Returns slope on the back side of the peak between two points.

First point is the first value below the high trigger (starting search from the peak). Second point is the first value below the low trigger (starting from first point): (y2-y1)/(x2-x1) .

Uses linear interpolation to estimate where we’re at the actual trigger value to reduce sensitivity to low resolution of fraction data. Includes some protection for non-ideal data that drops straight to a zero slope (making interpolation hard).

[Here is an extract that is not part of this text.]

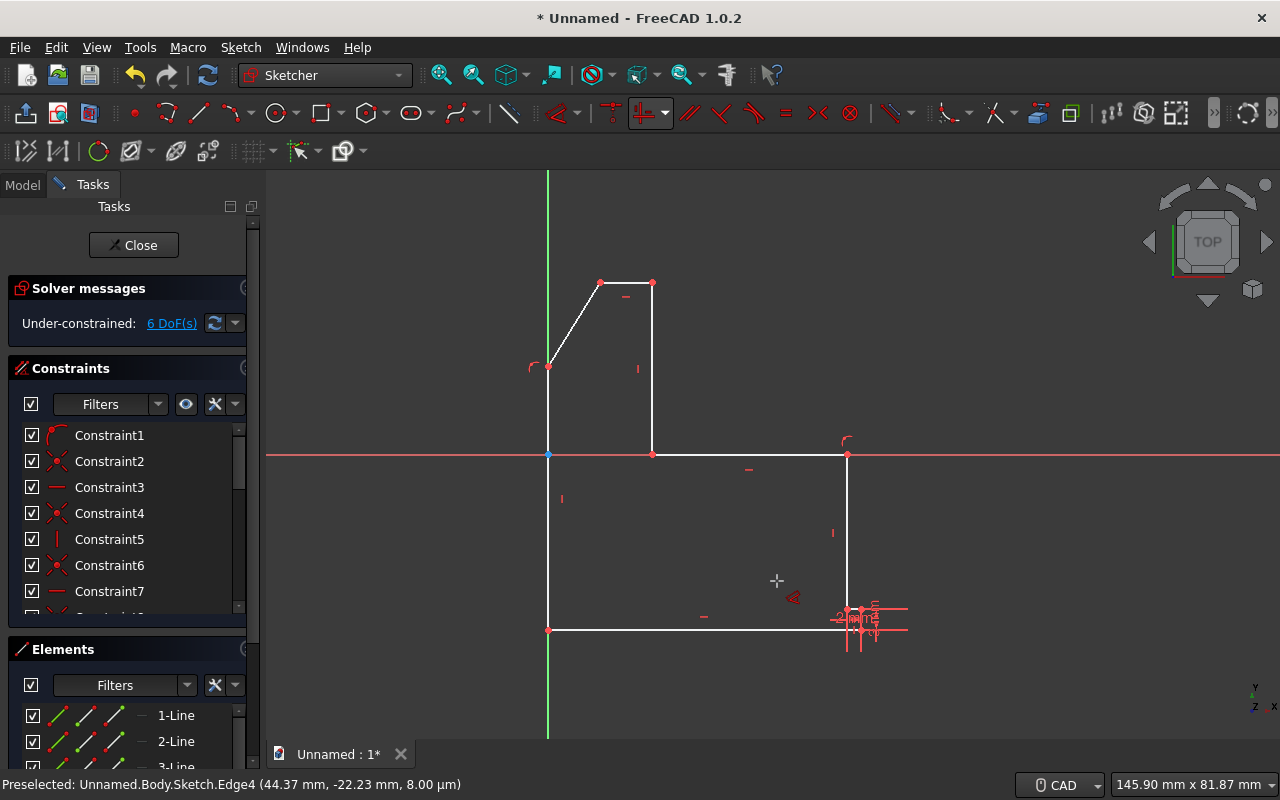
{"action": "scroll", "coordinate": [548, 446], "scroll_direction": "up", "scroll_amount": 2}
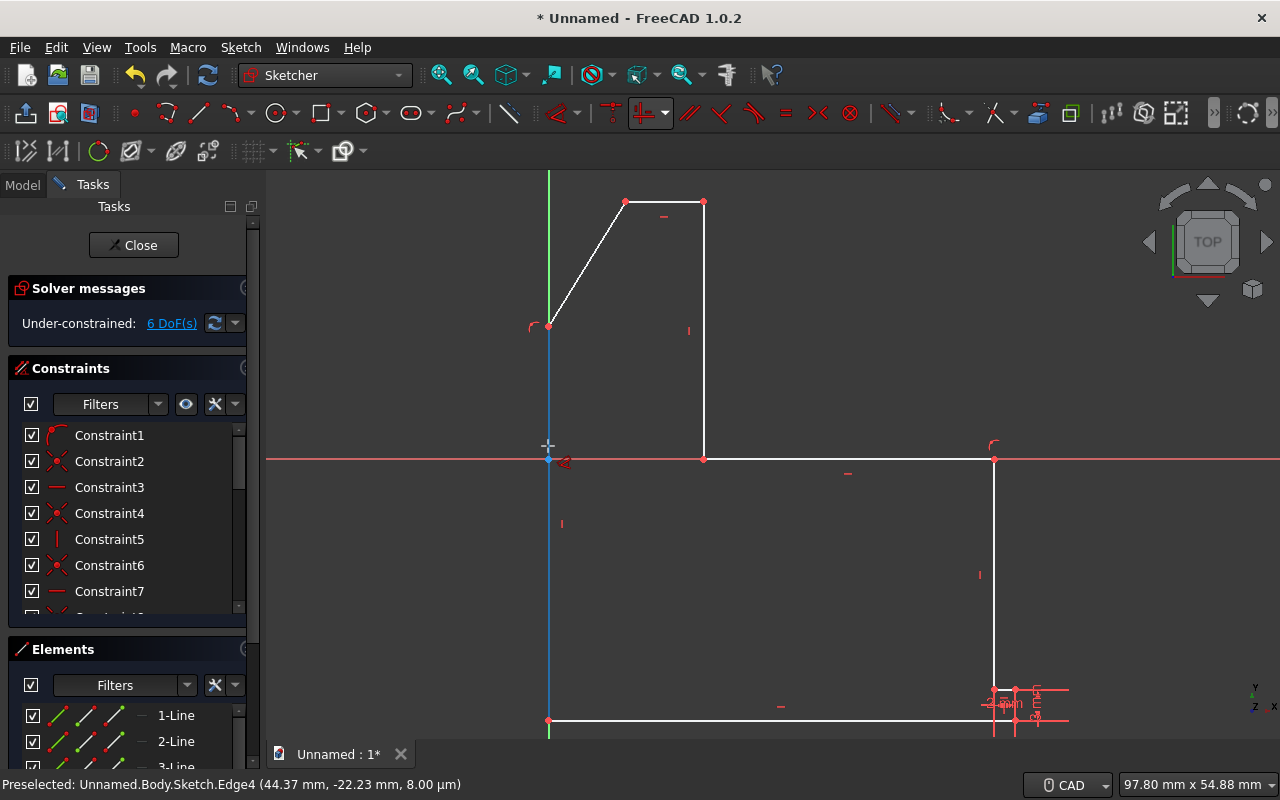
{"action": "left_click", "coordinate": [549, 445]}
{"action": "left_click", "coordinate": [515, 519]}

Parameters: y_data (array) – Data we’re computing the trailing slope for. x_data (array) – Time values along which y_data is provided. low_trigger_fraction (float) – Fraction of the data max above which to compute the trailing slope. high_trigger_fraction (float) – Fraction of the data max below which to compute the trailing slope.
kromatography.compute.cost_function_calcs.calc_peak_center_of_mass(x_data, y_data)[source]

Calculates the location of the center of mass for peak: integral(x*y*dx)/integral(y*dx).

kromatography.compute.cost_function_calcs.calc_peak_timing(x_data, y_data)[source]

Returns the x value corresponding to y’s maximum. If the peak is flat, the first instance where the maximum is reached will be returned.

kromatography.compute.cost_function_calcs.find_index_of_first_value_below(y_data, start_index, step, trigger)[source]

Given a starting location in an array, returns index of first value less than the trigger.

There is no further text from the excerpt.